EXERCISE DIRECTIONS: Taking the line with "Using this photo, give" as the first and the line with "5. umbrella at [171, 25, 432, 441]" as the last, set down exactly every line in that range from the entries below, and no more.

DATA PROVIDED:
-- -- --
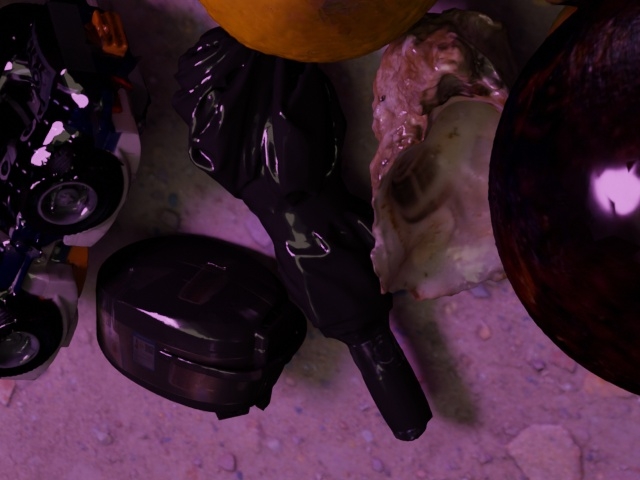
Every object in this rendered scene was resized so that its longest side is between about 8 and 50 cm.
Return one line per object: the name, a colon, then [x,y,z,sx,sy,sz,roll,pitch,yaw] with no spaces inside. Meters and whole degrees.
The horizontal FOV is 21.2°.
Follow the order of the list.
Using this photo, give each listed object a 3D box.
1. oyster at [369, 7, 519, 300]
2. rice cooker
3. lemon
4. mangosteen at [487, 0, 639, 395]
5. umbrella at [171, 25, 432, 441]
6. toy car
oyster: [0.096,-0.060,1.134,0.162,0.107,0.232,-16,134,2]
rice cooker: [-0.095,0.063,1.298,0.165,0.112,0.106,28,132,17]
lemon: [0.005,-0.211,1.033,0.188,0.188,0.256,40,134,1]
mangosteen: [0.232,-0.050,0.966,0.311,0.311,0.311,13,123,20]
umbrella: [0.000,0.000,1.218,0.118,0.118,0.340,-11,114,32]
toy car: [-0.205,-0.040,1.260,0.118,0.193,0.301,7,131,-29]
-- -- --
RESPONSE AREA:
Using this photo, give each listed object a 3D box.
1. oyster at [369, 7, 519, 300]
2. rice cooker
3. lemon
4. mangosteen at [487, 0, 639, 395]
5. umbrella at [171, 25, 432, 441]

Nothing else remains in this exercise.